(Stored data)
■ ■ ■ ■

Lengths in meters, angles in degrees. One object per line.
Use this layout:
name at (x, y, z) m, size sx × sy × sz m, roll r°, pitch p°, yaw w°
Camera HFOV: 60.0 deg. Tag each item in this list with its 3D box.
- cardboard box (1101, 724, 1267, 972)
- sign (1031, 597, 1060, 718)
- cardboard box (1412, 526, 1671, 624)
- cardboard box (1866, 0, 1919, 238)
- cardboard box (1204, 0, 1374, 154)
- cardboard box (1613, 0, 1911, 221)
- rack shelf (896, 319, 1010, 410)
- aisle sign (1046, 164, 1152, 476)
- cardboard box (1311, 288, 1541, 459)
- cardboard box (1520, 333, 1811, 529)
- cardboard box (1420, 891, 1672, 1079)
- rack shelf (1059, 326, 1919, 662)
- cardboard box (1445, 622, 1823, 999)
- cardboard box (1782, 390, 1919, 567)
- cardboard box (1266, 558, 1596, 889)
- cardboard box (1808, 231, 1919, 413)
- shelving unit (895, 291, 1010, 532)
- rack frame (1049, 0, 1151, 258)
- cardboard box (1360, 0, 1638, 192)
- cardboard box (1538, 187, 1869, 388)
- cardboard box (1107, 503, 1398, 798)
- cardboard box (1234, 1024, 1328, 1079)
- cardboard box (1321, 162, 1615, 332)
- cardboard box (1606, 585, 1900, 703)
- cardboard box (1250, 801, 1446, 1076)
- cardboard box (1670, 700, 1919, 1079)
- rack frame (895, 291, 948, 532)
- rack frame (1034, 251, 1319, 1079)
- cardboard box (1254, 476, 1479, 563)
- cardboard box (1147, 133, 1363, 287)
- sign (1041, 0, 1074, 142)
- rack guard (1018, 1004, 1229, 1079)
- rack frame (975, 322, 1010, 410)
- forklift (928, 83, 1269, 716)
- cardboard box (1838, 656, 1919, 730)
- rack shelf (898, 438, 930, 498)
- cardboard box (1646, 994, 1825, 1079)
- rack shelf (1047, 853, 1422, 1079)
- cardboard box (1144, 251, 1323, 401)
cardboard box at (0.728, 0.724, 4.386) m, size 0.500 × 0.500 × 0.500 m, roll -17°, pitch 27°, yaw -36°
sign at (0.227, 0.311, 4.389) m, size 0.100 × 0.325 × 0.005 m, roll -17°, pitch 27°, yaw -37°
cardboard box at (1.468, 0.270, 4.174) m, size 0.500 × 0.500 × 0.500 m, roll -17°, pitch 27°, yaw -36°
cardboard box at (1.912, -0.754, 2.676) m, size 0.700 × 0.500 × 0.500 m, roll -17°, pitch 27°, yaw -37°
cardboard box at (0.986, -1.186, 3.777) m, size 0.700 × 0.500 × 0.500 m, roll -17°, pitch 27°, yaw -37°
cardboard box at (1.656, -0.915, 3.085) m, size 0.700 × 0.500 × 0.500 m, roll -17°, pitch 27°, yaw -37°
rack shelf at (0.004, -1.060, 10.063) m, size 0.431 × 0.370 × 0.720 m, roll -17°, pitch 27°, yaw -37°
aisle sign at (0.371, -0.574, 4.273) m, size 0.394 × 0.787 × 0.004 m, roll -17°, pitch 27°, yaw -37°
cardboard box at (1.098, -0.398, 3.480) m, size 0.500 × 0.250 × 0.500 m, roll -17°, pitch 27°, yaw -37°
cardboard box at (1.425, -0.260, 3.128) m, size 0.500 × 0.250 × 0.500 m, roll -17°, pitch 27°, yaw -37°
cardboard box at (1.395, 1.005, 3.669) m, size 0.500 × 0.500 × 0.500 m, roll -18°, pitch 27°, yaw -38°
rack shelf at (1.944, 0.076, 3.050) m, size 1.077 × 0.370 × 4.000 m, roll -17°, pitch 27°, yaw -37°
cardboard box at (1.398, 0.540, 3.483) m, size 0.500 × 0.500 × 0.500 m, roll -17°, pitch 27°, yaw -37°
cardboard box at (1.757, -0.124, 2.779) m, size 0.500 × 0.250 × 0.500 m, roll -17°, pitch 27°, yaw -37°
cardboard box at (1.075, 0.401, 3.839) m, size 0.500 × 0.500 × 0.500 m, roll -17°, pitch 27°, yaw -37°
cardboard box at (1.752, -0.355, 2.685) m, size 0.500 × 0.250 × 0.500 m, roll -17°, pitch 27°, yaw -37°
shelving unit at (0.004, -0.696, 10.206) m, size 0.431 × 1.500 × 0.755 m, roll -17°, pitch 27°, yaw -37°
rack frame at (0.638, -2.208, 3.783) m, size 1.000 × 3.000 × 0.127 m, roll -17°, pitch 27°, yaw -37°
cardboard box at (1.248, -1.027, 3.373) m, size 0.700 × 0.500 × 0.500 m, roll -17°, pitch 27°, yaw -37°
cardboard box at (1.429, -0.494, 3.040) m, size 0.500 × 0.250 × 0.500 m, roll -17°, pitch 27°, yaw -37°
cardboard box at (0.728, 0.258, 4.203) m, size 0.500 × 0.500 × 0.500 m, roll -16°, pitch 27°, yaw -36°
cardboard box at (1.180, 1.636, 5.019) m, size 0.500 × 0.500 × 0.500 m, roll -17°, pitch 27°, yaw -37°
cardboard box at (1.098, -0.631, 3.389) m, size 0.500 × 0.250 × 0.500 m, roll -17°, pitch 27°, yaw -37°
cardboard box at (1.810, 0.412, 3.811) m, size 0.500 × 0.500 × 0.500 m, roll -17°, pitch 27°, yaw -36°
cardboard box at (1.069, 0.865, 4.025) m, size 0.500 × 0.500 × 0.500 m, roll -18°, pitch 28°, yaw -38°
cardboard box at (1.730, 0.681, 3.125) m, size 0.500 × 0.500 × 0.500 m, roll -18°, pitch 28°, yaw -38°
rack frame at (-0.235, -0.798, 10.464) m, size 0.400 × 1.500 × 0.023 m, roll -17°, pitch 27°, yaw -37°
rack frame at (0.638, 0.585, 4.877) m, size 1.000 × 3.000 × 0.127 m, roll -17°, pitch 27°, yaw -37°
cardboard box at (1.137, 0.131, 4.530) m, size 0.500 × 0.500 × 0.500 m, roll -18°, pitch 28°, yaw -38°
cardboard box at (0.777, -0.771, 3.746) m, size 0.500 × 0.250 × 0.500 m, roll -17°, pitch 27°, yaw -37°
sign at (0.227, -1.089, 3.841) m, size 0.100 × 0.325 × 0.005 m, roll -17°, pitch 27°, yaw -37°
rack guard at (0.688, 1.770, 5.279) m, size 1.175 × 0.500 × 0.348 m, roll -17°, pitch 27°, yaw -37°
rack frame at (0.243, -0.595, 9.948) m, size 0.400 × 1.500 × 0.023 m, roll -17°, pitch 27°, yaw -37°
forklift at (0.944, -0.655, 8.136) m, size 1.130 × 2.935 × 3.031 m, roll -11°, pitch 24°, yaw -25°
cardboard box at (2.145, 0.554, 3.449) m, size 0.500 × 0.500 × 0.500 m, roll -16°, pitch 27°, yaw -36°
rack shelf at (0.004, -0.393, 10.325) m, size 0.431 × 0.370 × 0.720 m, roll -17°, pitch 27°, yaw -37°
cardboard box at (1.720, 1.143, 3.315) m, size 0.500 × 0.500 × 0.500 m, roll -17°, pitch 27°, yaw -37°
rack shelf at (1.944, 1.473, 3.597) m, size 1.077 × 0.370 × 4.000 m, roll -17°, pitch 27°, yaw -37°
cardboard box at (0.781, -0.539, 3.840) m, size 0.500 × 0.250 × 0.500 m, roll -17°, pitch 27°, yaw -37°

■ ■ ■ ■

**Work request**
Once you have read the records, write every one of them out again exactly.

**Completed exercise**
Lengths in meters, angles in degrees. One object per line.
Use this layout:
name at (x, y, z) m, size sx × sy × sz m, roll r°, pitch p°, yaw w°
Camera HFOV: 60.0 deg. Tag each item in this list with its 3D box.
- cardboard box (1101, 724, 1267, 972)
- sign (1031, 597, 1060, 718)
- cardboard box (1412, 526, 1671, 624)
- cardboard box (1866, 0, 1919, 238)
- cardboard box (1204, 0, 1374, 154)
- cardboard box (1613, 0, 1911, 221)
- rack shelf (896, 319, 1010, 410)
- aisle sign (1046, 164, 1152, 476)
- cardboard box (1311, 288, 1541, 459)
- cardboard box (1520, 333, 1811, 529)
- cardboard box (1420, 891, 1672, 1079)
- rack shelf (1059, 326, 1919, 662)
- cardboard box (1445, 622, 1823, 999)
- cardboard box (1782, 390, 1919, 567)
- cardboard box (1266, 558, 1596, 889)
- cardboard box (1808, 231, 1919, 413)
- shelving unit (895, 291, 1010, 532)
- rack frame (1049, 0, 1151, 258)
- cardboard box (1360, 0, 1638, 192)
- cardboard box (1538, 187, 1869, 388)
- cardboard box (1107, 503, 1398, 798)
- cardboard box (1234, 1024, 1328, 1079)
- cardboard box (1321, 162, 1615, 332)
- cardboard box (1606, 585, 1900, 703)
- cardboard box (1250, 801, 1446, 1076)
- cardboard box (1670, 700, 1919, 1079)
- rack frame (895, 291, 948, 532)
- rack frame (1034, 251, 1319, 1079)
- cardboard box (1254, 476, 1479, 563)
- cardboard box (1147, 133, 1363, 287)
- sign (1041, 0, 1074, 142)
- rack guard (1018, 1004, 1229, 1079)
- rack frame (975, 322, 1010, 410)
- forklift (928, 83, 1269, 716)
- cardboard box (1838, 656, 1919, 730)
- rack shelf (898, 438, 930, 498)
- cardboard box (1646, 994, 1825, 1079)
- rack shelf (1047, 853, 1422, 1079)
- cardboard box (1144, 251, 1323, 401)
cardboard box at (0.728, 0.724, 4.386) m, size 0.500 × 0.500 × 0.500 m, roll -17°, pitch 27°, yaw -36°
sign at (0.227, 0.311, 4.389) m, size 0.100 × 0.325 × 0.005 m, roll -17°, pitch 27°, yaw -37°
cardboard box at (1.468, 0.270, 4.174) m, size 0.500 × 0.500 × 0.500 m, roll -17°, pitch 27°, yaw -36°
cardboard box at (1.912, -0.754, 2.676) m, size 0.700 × 0.500 × 0.500 m, roll -17°, pitch 27°, yaw -37°
cardboard box at (0.986, -1.186, 3.777) m, size 0.700 × 0.500 × 0.500 m, roll -17°, pitch 27°, yaw -37°
cardboard box at (1.656, -0.915, 3.085) m, size 0.700 × 0.500 × 0.500 m, roll -17°, pitch 27°, yaw -37°
rack shelf at (0.004, -1.060, 10.063) m, size 0.431 × 0.370 × 0.720 m, roll -17°, pitch 27°, yaw -37°
aisle sign at (0.371, -0.574, 4.273) m, size 0.394 × 0.787 × 0.004 m, roll -17°, pitch 27°, yaw -37°
cardboard box at (1.098, -0.398, 3.480) m, size 0.500 × 0.250 × 0.500 m, roll -17°, pitch 27°, yaw -37°
cardboard box at (1.425, -0.260, 3.128) m, size 0.500 × 0.250 × 0.500 m, roll -17°, pitch 27°, yaw -37°
cardboard box at (1.395, 1.005, 3.669) m, size 0.500 × 0.500 × 0.500 m, roll -18°, pitch 27°, yaw -38°
rack shelf at (1.944, 0.076, 3.050) m, size 1.077 × 0.370 × 4.000 m, roll -17°, pitch 27°, yaw -37°
cardboard box at (1.398, 0.540, 3.483) m, size 0.500 × 0.500 × 0.500 m, roll -17°, pitch 27°, yaw -37°
cardboard box at (1.757, -0.124, 2.779) m, size 0.500 × 0.250 × 0.500 m, roll -17°, pitch 27°, yaw -37°
cardboard box at (1.075, 0.401, 3.839) m, size 0.500 × 0.500 × 0.500 m, roll -17°, pitch 27°, yaw -37°
cardboard box at (1.752, -0.355, 2.685) m, size 0.500 × 0.250 × 0.500 m, roll -17°, pitch 27°, yaw -37°
shelving unit at (0.004, -0.696, 10.206) m, size 0.431 × 1.500 × 0.755 m, roll -17°, pitch 27°, yaw -37°
rack frame at (0.638, -2.208, 3.783) m, size 1.000 × 3.000 × 0.127 m, roll -17°, pitch 27°, yaw -37°
cardboard box at (1.248, -1.027, 3.373) m, size 0.700 × 0.500 × 0.500 m, roll -17°, pitch 27°, yaw -37°
cardboard box at (1.429, -0.494, 3.040) m, size 0.500 × 0.250 × 0.500 m, roll -17°, pitch 27°, yaw -37°
cardboard box at (0.728, 0.258, 4.203) m, size 0.500 × 0.500 × 0.500 m, roll -16°, pitch 27°, yaw -36°
cardboard box at (1.180, 1.636, 5.019) m, size 0.500 × 0.500 × 0.500 m, roll -17°, pitch 27°, yaw -37°
cardboard box at (1.098, -0.631, 3.389) m, size 0.500 × 0.250 × 0.500 m, roll -17°, pitch 27°, yaw -37°
cardboard box at (1.810, 0.412, 3.811) m, size 0.500 × 0.500 × 0.500 m, roll -17°, pitch 27°, yaw -36°
cardboard box at (1.069, 0.865, 4.025) m, size 0.500 × 0.500 × 0.500 m, roll -18°, pitch 28°, yaw -38°
cardboard box at (1.730, 0.681, 3.125) m, size 0.500 × 0.500 × 0.500 m, roll -18°, pitch 28°, yaw -38°
rack frame at (-0.235, -0.798, 10.464) m, size 0.400 × 1.500 × 0.023 m, roll -17°, pitch 27°, yaw -37°
rack frame at (0.638, 0.585, 4.877) m, size 1.000 × 3.000 × 0.127 m, roll -17°, pitch 27°, yaw -37°
cardboard box at (1.137, 0.131, 4.530) m, size 0.500 × 0.500 × 0.500 m, roll -18°, pitch 28°, yaw -38°
cardboard box at (0.777, -0.771, 3.746) m, size 0.500 × 0.250 × 0.500 m, roll -17°, pitch 27°, yaw -37°
sign at (0.227, -1.089, 3.841) m, size 0.100 × 0.325 × 0.005 m, roll -17°, pitch 27°, yaw -37°
rack guard at (0.688, 1.770, 5.279) m, size 1.175 × 0.500 × 0.348 m, roll -17°, pitch 27°, yaw -37°
rack frame at (0.243, -0.595, 9.948) m, size 0.400 × 1.500 × 0.023 m, roll -17°, pitch 27°, yaw -37°
forklift at (0.944, -0.655, 8.136) m, size 1.130 × 2.935 × 3.031 m, roll -11°, pitch 24°, yaw -25°
cardboard box at (2.145, 0.554, 3.449) m, size 0.500 × 0.500 × 0.500 m, roll -16°, pitch 27°, yaw -36°
rack shelf at (0.004, -0.393, 10.325) m, size 0.431 × 0.370 × 0.720 m, roll -17°, pitch 27°, yaw -37°
cardboard box at (1.720, 1.143, 3.315) m, size 0.500 × 0.500 × 0.500 m, roll -17°, pitch 27°, yaw -37°
rack shelf at (1.944, 1.473, 3.597) m, size 1.077 × 0.370 × 4.000 m, roll -17°, pitch 27°, yaw -37°
cardboard box at (0.781, -0.539, 3.840) m, size 0.500 × 0.250 × 0.500 m, roll -17°, pitch 27°, yaw -37°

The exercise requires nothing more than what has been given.